#### Directions for this task:
Beginning with the first line of the entries below, quote each line until you reach and include the line with "13) humanoid robot [1052,965,1139,1079]".

#### Source material:
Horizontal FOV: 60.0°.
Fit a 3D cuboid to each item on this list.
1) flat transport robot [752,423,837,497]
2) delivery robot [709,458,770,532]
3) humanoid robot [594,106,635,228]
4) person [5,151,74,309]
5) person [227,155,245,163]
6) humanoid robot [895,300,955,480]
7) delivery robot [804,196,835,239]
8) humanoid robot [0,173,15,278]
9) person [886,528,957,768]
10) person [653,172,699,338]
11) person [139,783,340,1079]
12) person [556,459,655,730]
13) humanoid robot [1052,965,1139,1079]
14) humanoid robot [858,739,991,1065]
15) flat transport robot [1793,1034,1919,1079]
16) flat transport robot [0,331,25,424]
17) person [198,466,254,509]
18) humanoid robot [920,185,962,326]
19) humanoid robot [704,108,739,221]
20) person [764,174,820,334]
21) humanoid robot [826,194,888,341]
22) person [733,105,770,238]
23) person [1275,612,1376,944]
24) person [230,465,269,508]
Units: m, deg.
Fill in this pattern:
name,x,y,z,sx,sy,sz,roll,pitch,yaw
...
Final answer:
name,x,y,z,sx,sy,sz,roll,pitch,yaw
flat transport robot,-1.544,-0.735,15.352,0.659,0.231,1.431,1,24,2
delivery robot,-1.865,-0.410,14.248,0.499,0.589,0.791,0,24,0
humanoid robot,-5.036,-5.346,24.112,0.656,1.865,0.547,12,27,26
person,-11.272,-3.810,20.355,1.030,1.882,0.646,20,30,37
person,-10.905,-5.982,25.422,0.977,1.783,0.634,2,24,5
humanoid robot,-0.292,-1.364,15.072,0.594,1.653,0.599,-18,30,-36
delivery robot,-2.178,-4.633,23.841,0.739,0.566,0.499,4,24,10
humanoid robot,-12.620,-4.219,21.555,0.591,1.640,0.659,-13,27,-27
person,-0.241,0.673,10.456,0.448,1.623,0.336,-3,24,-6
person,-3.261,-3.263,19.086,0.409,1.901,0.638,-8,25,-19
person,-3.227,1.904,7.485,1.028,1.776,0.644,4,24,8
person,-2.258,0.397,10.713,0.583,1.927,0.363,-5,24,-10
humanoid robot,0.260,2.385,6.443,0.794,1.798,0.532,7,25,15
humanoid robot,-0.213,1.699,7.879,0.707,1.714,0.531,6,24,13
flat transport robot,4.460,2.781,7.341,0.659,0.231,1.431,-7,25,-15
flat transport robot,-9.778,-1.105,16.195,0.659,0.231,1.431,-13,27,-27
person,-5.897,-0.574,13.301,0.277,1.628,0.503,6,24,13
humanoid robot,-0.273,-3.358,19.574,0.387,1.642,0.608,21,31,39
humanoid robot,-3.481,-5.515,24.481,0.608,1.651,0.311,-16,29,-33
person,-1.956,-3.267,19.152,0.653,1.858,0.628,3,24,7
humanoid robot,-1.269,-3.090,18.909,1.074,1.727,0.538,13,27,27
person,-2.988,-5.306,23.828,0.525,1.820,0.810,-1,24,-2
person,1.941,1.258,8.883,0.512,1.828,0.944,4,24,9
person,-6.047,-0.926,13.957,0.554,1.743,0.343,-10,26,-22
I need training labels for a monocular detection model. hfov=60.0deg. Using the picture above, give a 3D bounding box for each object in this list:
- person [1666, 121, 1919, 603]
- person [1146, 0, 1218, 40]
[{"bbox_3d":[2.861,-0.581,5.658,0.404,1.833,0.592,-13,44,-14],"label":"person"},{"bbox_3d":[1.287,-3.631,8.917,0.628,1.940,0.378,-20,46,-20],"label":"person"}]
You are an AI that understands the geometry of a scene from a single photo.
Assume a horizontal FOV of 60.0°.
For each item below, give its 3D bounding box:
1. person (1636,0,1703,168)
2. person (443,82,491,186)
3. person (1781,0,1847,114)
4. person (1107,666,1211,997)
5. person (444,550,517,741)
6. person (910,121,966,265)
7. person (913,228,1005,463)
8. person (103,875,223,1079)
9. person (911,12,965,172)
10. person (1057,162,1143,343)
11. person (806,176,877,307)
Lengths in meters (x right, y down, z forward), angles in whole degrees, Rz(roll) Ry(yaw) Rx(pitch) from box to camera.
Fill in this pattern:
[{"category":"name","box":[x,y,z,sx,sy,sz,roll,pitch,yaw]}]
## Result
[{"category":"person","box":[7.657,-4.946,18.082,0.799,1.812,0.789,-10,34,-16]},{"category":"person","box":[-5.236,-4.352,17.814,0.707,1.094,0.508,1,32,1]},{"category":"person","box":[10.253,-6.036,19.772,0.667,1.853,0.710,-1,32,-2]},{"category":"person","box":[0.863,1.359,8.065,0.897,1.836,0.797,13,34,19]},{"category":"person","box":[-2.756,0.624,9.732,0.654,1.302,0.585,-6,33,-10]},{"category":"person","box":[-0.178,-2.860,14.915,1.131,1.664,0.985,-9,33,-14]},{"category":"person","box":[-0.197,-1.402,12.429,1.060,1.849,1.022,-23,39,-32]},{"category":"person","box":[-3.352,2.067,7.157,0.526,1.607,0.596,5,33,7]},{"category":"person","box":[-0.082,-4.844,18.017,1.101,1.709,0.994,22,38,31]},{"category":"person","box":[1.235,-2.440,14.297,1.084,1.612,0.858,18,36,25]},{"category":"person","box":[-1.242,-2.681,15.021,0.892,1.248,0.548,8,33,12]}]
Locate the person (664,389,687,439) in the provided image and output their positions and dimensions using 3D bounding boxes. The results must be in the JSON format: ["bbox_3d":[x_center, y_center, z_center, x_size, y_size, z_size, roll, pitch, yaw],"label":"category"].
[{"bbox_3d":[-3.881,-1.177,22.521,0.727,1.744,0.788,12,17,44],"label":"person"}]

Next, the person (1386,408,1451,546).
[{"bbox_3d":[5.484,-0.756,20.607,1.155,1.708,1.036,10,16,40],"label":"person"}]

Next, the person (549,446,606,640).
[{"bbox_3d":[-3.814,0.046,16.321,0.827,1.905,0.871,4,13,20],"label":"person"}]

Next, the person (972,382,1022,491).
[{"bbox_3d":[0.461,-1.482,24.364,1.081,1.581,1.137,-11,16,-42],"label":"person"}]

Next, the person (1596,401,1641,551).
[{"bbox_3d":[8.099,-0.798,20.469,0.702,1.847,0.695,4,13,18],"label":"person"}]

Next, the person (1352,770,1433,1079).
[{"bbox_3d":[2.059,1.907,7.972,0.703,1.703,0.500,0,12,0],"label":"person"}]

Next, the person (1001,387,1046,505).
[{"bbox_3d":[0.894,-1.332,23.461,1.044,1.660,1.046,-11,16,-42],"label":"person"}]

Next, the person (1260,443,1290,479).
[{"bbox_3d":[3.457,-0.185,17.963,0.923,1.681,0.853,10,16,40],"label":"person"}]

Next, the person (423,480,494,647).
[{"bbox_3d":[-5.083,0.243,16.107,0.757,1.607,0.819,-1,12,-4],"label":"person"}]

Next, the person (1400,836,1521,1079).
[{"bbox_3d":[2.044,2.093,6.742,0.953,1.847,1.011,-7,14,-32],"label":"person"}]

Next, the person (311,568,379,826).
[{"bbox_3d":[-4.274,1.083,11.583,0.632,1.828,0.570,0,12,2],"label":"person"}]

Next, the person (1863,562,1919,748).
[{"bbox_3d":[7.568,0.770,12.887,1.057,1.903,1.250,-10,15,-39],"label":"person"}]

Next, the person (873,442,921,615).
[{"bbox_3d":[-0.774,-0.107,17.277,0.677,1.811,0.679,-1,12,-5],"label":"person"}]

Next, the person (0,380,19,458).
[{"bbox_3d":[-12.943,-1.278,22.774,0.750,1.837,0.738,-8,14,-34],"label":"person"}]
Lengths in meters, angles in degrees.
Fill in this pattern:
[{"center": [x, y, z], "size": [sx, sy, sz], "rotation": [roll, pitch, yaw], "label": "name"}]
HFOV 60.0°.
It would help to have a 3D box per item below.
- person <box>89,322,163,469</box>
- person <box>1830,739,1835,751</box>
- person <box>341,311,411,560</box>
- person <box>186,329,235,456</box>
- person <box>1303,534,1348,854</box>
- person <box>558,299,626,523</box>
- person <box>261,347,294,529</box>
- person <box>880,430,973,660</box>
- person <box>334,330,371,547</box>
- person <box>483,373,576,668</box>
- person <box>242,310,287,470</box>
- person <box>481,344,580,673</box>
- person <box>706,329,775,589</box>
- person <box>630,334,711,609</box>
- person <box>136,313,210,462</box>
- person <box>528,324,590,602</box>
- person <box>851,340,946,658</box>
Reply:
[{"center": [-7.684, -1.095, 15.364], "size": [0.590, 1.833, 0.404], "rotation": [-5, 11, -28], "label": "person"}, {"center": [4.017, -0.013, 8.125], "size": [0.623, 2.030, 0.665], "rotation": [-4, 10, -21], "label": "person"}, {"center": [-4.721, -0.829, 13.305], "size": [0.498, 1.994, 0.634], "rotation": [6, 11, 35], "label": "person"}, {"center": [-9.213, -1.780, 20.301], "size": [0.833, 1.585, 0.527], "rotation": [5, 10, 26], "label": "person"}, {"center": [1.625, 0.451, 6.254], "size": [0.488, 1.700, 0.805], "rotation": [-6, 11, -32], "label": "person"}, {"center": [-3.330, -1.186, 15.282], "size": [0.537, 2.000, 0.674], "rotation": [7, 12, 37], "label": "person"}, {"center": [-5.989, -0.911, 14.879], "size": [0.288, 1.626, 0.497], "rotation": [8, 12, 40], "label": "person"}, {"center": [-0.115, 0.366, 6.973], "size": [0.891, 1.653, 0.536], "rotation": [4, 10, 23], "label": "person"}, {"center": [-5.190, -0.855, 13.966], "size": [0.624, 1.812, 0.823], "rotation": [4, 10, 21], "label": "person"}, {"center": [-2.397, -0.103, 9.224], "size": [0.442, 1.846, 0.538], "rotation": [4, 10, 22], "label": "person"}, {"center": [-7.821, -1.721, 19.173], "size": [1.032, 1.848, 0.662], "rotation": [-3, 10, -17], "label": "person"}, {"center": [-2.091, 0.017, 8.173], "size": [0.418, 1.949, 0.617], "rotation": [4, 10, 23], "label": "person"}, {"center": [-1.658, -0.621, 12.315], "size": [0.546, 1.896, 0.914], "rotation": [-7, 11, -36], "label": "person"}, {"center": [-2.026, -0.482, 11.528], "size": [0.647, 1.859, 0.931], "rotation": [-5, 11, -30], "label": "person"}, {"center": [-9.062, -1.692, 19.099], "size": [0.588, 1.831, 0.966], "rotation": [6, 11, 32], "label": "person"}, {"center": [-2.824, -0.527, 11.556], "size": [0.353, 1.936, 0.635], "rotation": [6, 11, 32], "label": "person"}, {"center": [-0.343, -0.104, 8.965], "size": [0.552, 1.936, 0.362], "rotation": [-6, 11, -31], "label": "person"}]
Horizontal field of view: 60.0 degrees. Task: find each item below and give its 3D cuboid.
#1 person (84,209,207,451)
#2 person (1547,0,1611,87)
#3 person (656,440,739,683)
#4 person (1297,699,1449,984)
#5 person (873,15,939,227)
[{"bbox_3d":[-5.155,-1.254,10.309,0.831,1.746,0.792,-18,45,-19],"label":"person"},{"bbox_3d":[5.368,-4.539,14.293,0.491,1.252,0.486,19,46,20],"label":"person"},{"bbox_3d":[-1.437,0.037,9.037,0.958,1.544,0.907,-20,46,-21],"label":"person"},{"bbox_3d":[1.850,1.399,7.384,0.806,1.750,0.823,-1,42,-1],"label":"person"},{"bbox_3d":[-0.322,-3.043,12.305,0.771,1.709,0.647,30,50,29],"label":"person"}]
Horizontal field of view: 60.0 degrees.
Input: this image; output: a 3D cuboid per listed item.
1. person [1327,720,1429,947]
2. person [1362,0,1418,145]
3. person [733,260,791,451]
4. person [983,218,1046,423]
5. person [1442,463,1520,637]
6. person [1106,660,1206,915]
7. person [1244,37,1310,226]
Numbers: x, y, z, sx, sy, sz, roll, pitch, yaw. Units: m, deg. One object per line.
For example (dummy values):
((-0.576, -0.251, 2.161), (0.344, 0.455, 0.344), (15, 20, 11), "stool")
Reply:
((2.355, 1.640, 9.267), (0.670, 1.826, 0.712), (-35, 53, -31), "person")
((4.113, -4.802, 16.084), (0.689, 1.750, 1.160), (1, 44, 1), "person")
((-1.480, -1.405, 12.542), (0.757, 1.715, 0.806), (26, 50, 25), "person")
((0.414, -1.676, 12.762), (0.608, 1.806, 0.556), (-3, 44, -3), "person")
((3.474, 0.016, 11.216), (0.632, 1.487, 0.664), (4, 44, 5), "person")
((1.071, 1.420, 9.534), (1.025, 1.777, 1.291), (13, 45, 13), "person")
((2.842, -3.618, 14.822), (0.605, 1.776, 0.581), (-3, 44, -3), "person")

#### Written response:
Horizontal FOV: 60.0°.
Fit a 3D cuboid to each item on this list.
1) flat transport robot [752,423,837,497]
2) delivery robot [709,458,770,532]
3) humanoid robot [594,106,635,228]
4) person [5,151,74,309]
5) person [227,155,245,163]
6) humanoid robot [895,300,955,480]
7) delivery robot [804,196,835,239]
8) humanoid robot [0,173,15,278]
9) person [886,528,957,768]
10) person [653,172,699,338]
11) person [139,783,340,1079]
12) person [556,459,655,730]
13) humanoid robot [1052,965,1139,1079]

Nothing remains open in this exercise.